Venkatraman S, Roon R J, Schulte M K, Koerner J F, Johnson R L
Department of Medicinal Chemistry, College of Pharmacy, Medical School, University of Minnesota, Minneapolis 55455.
J Med Chem. 1994 Nov 11;37(23):3939-46. doi: 10.1021/jm00049a013.
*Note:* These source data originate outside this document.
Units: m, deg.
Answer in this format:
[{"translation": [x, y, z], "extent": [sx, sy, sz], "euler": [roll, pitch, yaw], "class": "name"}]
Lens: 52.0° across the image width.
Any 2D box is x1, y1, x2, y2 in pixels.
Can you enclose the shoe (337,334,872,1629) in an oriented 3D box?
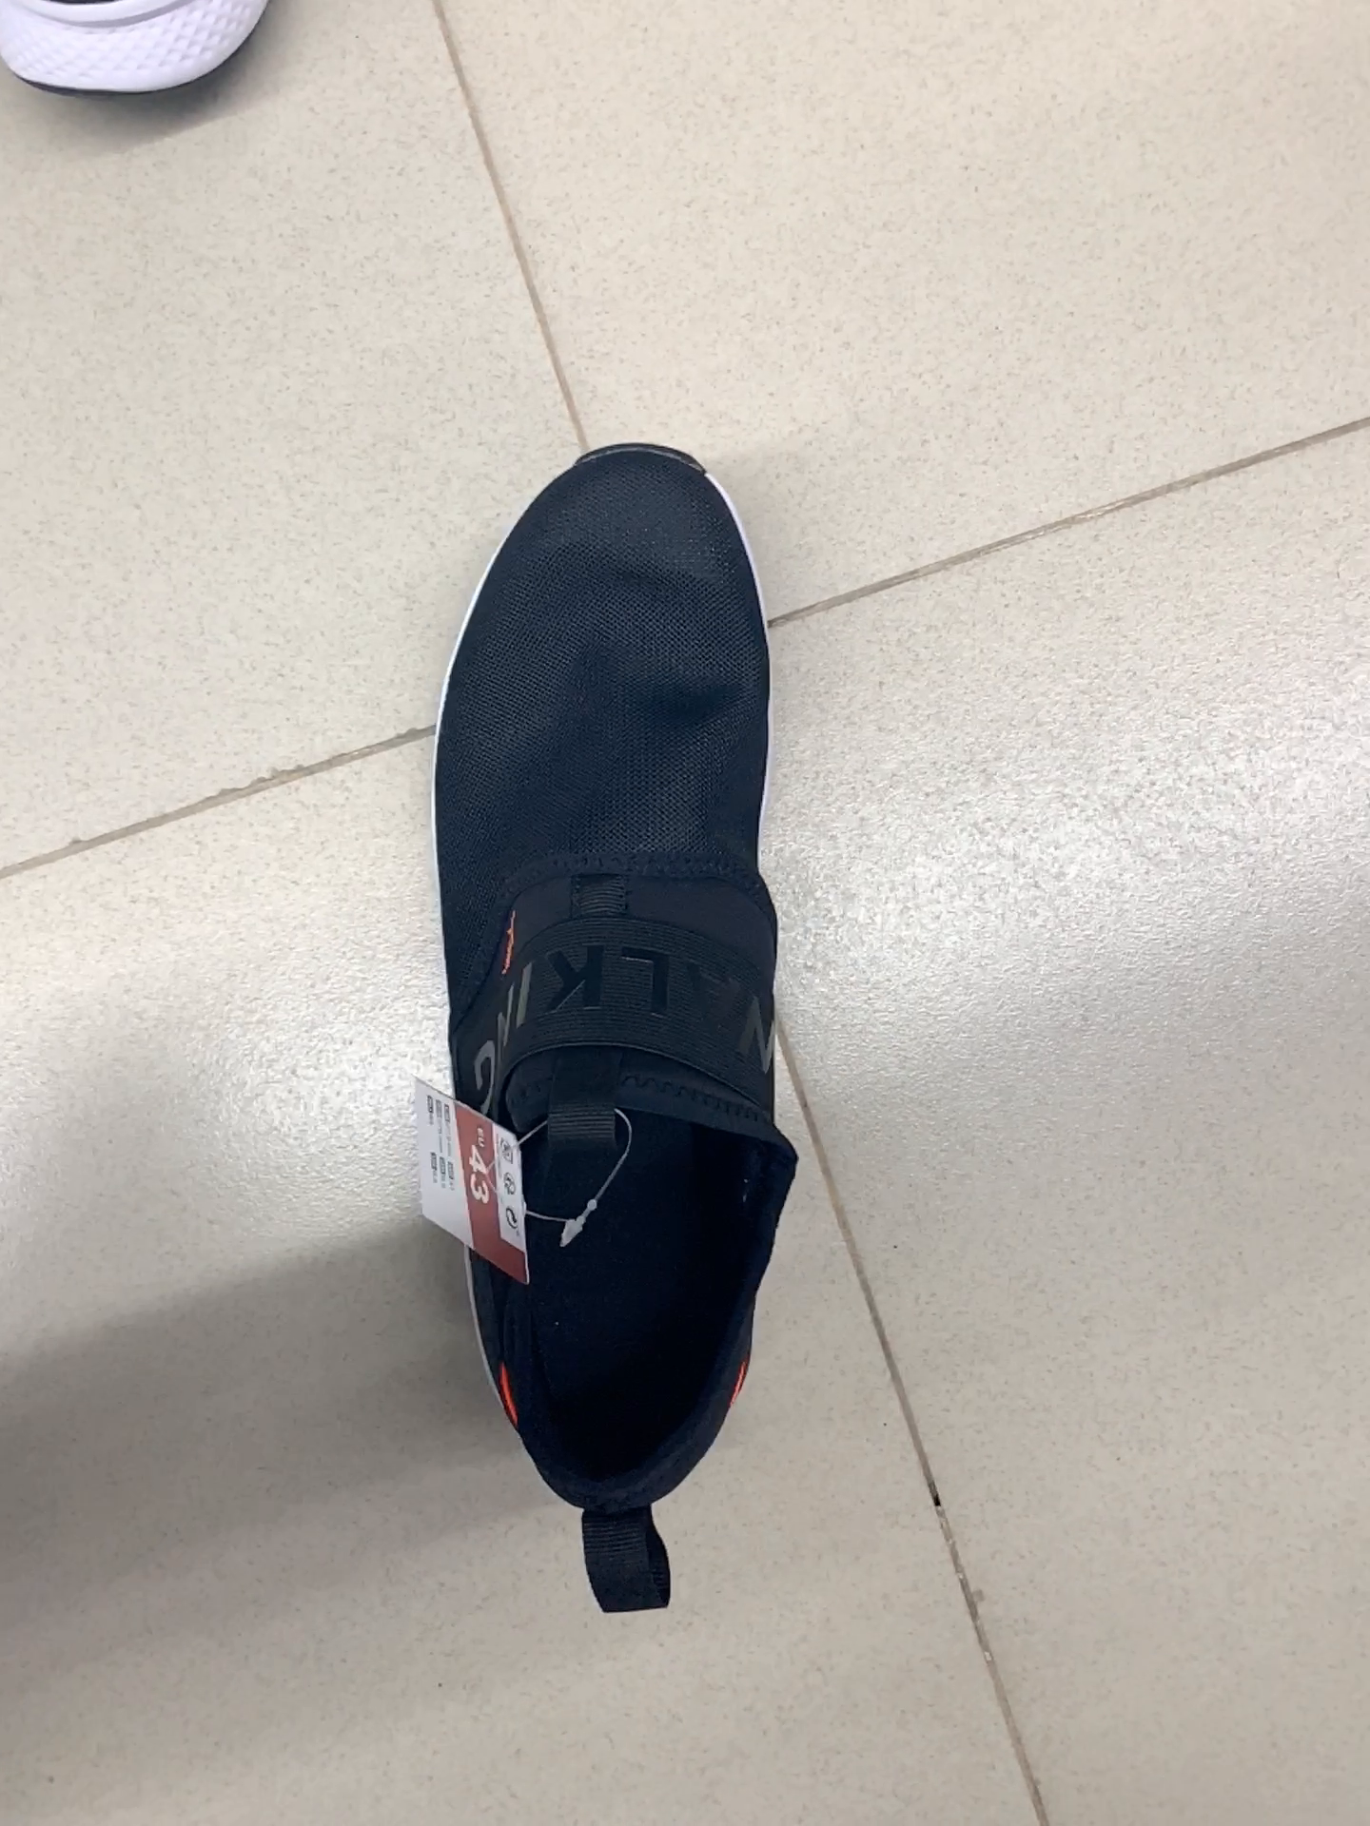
[{"translation": [-0.017, 0.016, 0.367], "extent": [0.110, 0.120, 0.280], "euler": [-2, 89, 1], "class": "shoe"}]
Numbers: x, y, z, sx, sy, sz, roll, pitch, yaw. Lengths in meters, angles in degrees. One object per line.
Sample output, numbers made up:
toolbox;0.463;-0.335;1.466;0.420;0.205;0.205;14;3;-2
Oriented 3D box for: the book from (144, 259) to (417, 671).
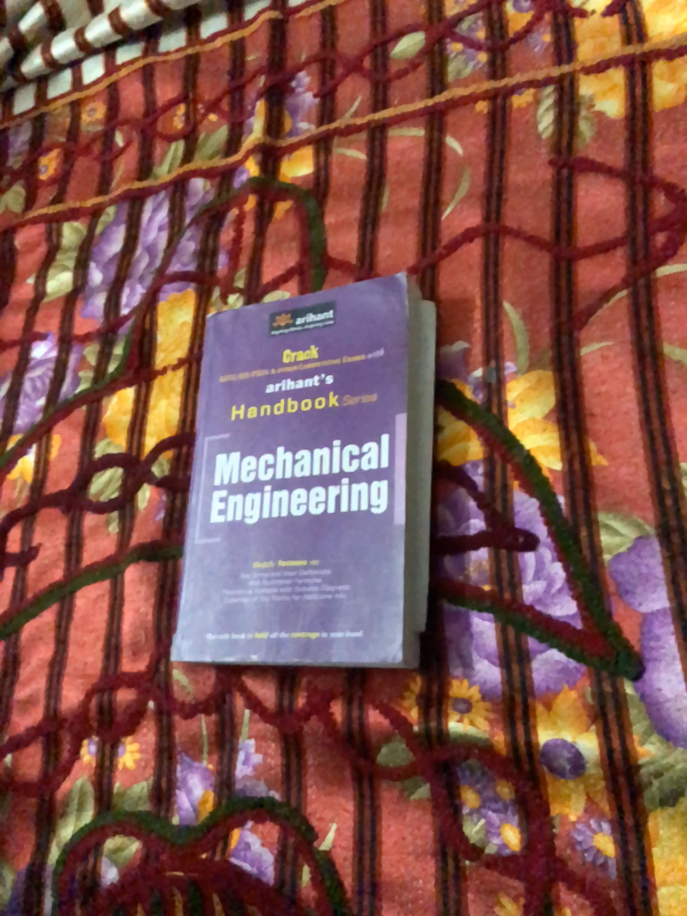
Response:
book;-0.033;0.006;0.458;0.147;0.040;0.231;-6;69;23
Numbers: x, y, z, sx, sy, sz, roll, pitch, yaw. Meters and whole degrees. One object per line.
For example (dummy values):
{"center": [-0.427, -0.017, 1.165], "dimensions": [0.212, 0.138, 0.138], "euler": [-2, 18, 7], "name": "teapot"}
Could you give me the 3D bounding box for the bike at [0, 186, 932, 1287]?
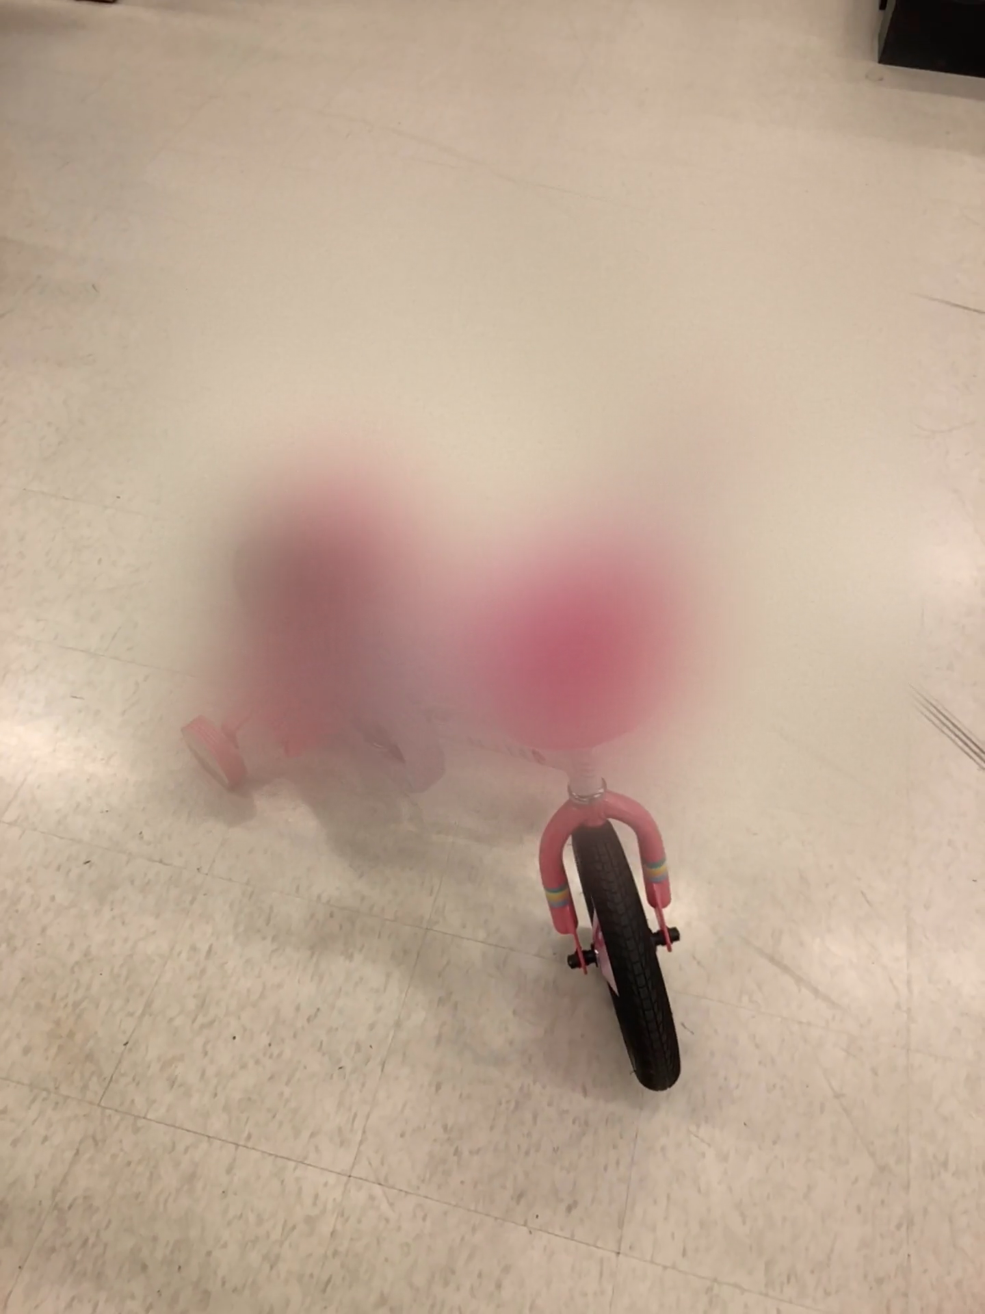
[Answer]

The ability of quisqualic acid (1) to sensitize neurons to depolarization by omega-phosphono alpha-amino acid analogues of excitatory amino acids is a highly specific phenomenon and is termed the QUIS effect. In an attempt to elucidate the structure-activity relationships for this sensitization, analogues 2-6 of quisqualic acid have been synthesized. Compounds 4, 5, and 6 showed no quisqualate sensitization with respect to L-2-amino-6-phosphonohexanoic acid (L-AP6), while compounds 2 and 3 were 1/10 and 1/1000, respectively, as active as quisqualic acid in sensitizing neurons toward L-AP6.
使君子氨酸(1)对兴奋性氨基酸的ω-膦酰基α-氨基酸类似物引起的神经元去极化敏感的能力是一种高度特异性的现象,被称为QUIS效应。为了阐明这种敏感性的构效关系,已经合成了君子氨酸的类似物2-6。化合物4、5和6对L-2-氨基-6-膦酰基己酸(L-AP6)没有表现出对喹啉酸的敏感性,而化合物2和3在使神经元对L-AP6敏感方面的活性分别是君子氨酸的1/10和1/1000。